The problem: Among the records that follow, count the lines with the string "horizontal"; report only that count.

Supplied material:
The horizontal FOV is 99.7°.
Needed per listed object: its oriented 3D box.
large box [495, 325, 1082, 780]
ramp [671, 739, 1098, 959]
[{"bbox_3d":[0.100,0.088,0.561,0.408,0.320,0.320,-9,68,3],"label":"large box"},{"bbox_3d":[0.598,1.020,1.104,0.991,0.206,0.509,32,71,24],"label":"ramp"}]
--
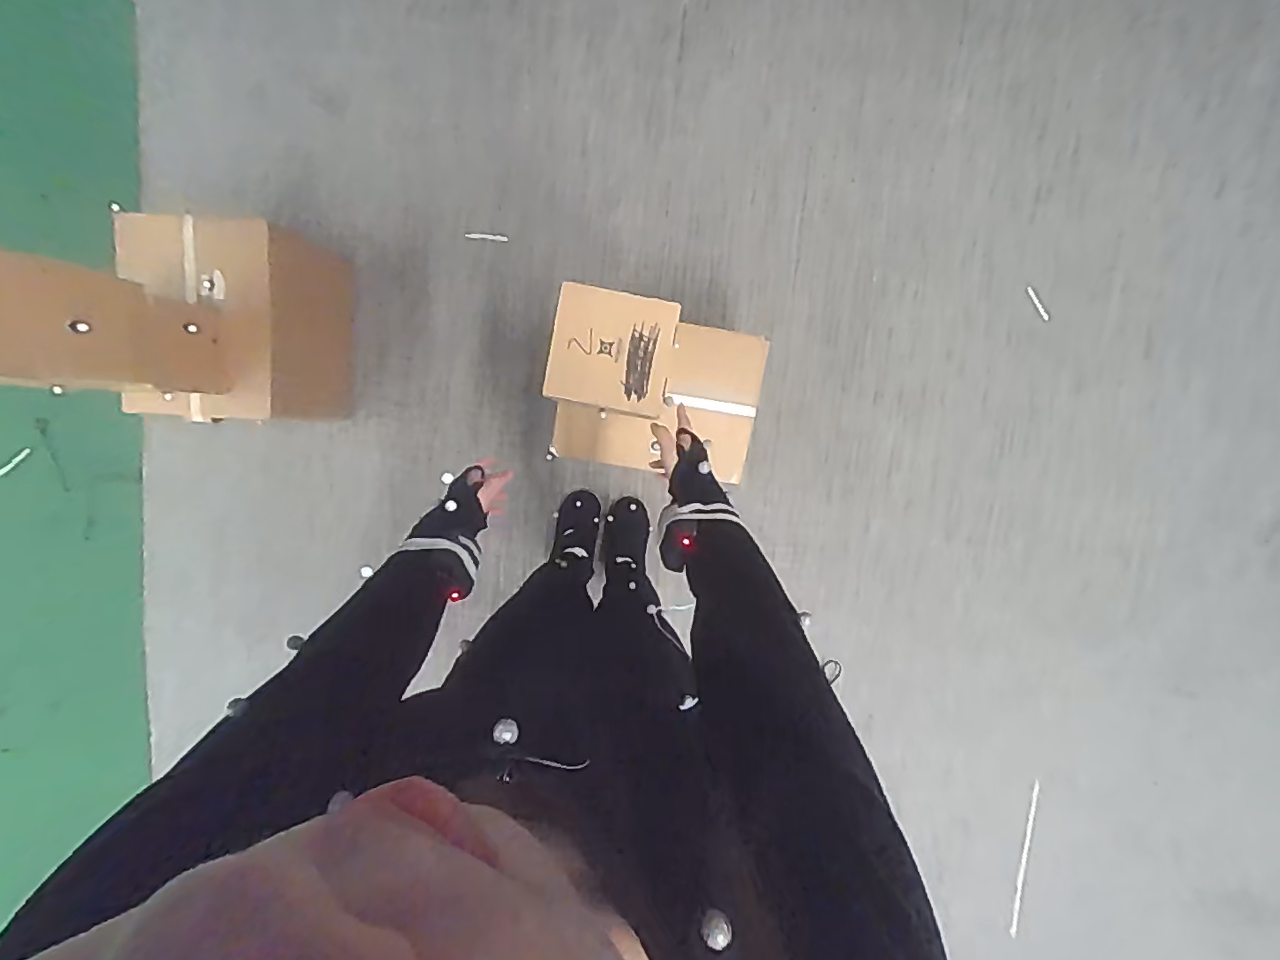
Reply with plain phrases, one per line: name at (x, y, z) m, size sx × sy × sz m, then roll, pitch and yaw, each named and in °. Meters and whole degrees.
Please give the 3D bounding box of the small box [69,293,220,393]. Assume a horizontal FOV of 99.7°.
---
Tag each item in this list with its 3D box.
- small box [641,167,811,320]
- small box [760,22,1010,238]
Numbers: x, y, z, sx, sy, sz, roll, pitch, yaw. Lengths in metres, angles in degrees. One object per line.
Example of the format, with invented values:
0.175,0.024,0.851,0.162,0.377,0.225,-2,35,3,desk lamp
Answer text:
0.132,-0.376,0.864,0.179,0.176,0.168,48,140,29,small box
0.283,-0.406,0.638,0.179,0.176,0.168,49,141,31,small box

Task solution: 2